**Source material**

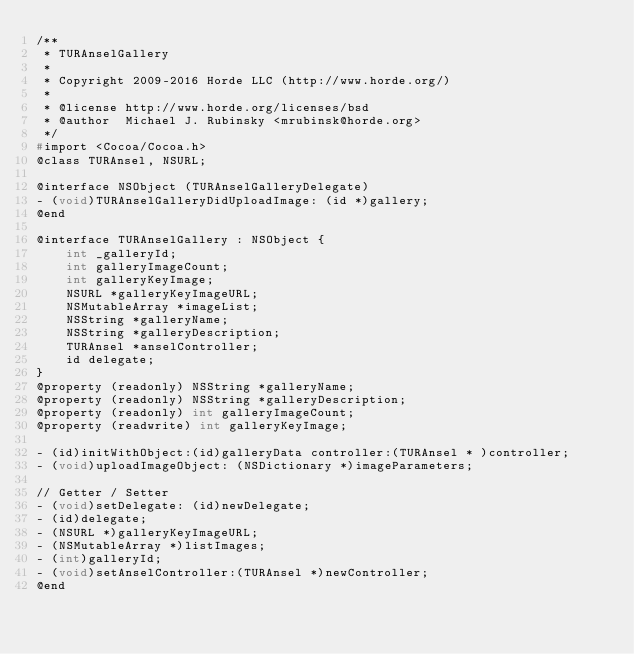Convert code to text. <code><loc_0><loc_0><loc_500><loc_500><_C_>/**
 * TURAnselGallery
 *
 * Copyright 2009-2016 Horde LLC (http://www.horde.org/)
 *
 * @license http://www.horde.org/licenses/bsd
 * @author  Michael J. Rubinsky <mrubinsk@horde.org>
 */
#import <Cocoa/Cocoa.h>
@class TURAnsel, NSURL;

@interface NSObject (TURAnselGalleryDelegate)
- (void)TURAnselGalleryDidUploadImage: (id *)gallery;
@end

@interface TURAnselGallery : NSObject {
    int _galleryId;
    int galleryImageCount;
    int galleryKeyImage;
    NSURL *galleryKeyImageURL;
    NSMutableArray *imageList;
    NSString *galleryName;
    NSString *galleryDescription;
    TURAnsel *anselController;
    id delegate;
}
@property (readonly) NSString *galleryName;
@property (readonly) NSString *galleryDescription;
@property (readonly) int galleryImageCount;
@property (readwrite) int galleryKeyImage;

- (id)initWithObject:(id)galleryData controller:(TURAnsel * )controller;
- (void)uploadImageObject: (NSDictionary *)imageParameters;

// Getter / Setter
- (void)setDelegate: (id)newDelegate;
- (id)delegate;
- (NSURL *)galleryKeyImageURL;
- (NSMutableArray *)listImages;
- (int)galleryId;
- (void)setAnselController:(TURAnsel *)newController;
@end</code> 
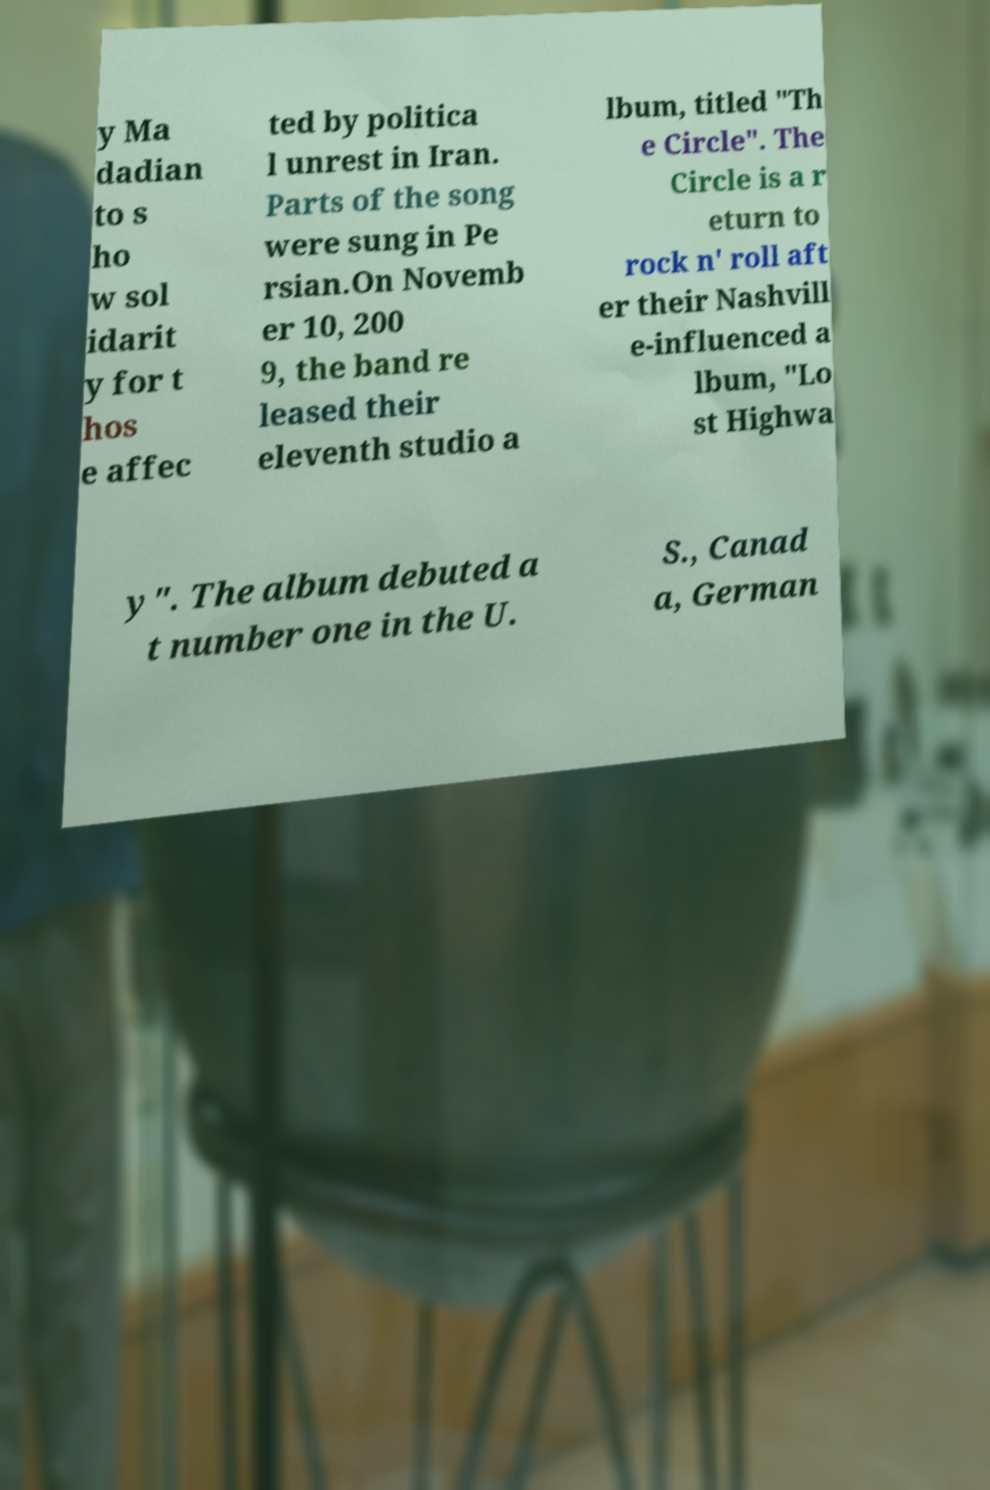I need the written content from this picture converted into text. Can you do that? y Ma dadian to s ho w sol idarit y for t hos e affec ted by politica l unrest in Iran. Parts of the song were sung in Pe rsian.On Novemb er 10, 200 9, the band re leased their eleventh studio a lbum, titled "Th e Circle". The Circle is a r eturn to rock n' roll aft er their Nashvill e-influenced a lbum, "Lo st Highwa y". The album debuted a t number one in the U. S., Canad a, German 
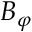Convert formula to latex. <formula><loc_0><loc_0><loc_500><loc_500>B _ { \varphi }</formula> 
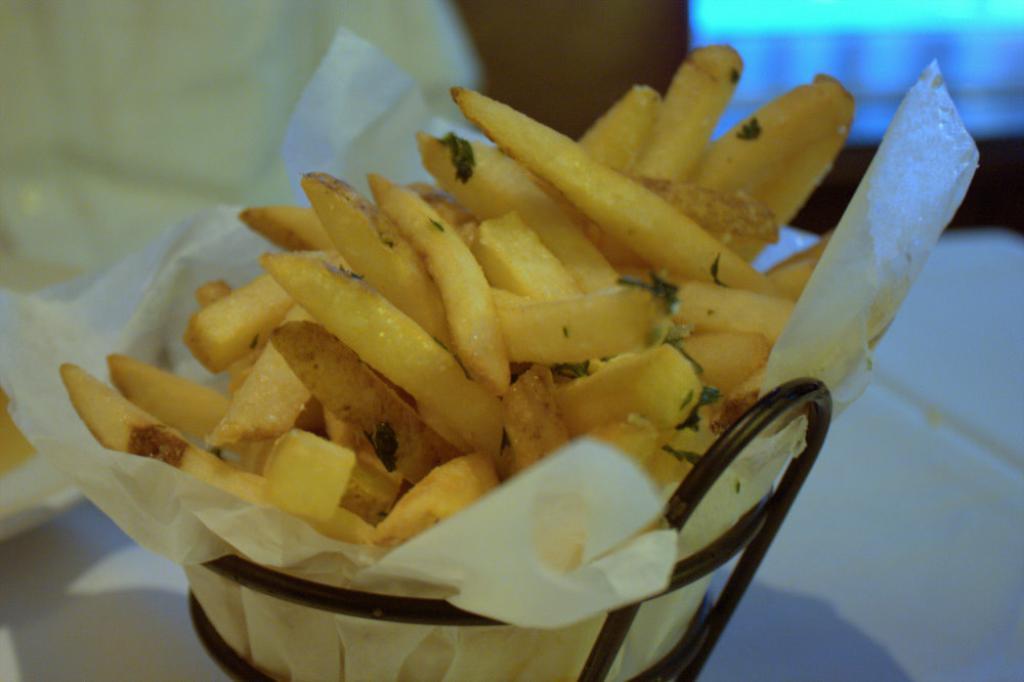Can you describe this image briefly? At the bottom of the image we can see a table, on the table we can see a bowl. In the bowl we can see some french fries and paper. In the top left corner of the image we can see a person. Background of the image is blur. 
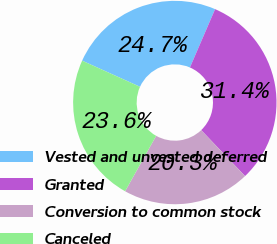Convert chart to OTSL. <chart><loc_0><loc_0><loc_500><loc_500><pie_chart><fcel>Vested and unvested deferred<fcel>Granted<fcel>Conversion to common stock<fcel>Canceled<nl><fcel>24.73%<fcel>31.38%<fcel>20.26%<fcel>23.62%<nl></chart>

**What is required**
The expected answer is every line in the data above that carries the string "galleryImageCount".

**Result for this task**
    int galleryImageCount;
@property (readonly) int galleryImageCount;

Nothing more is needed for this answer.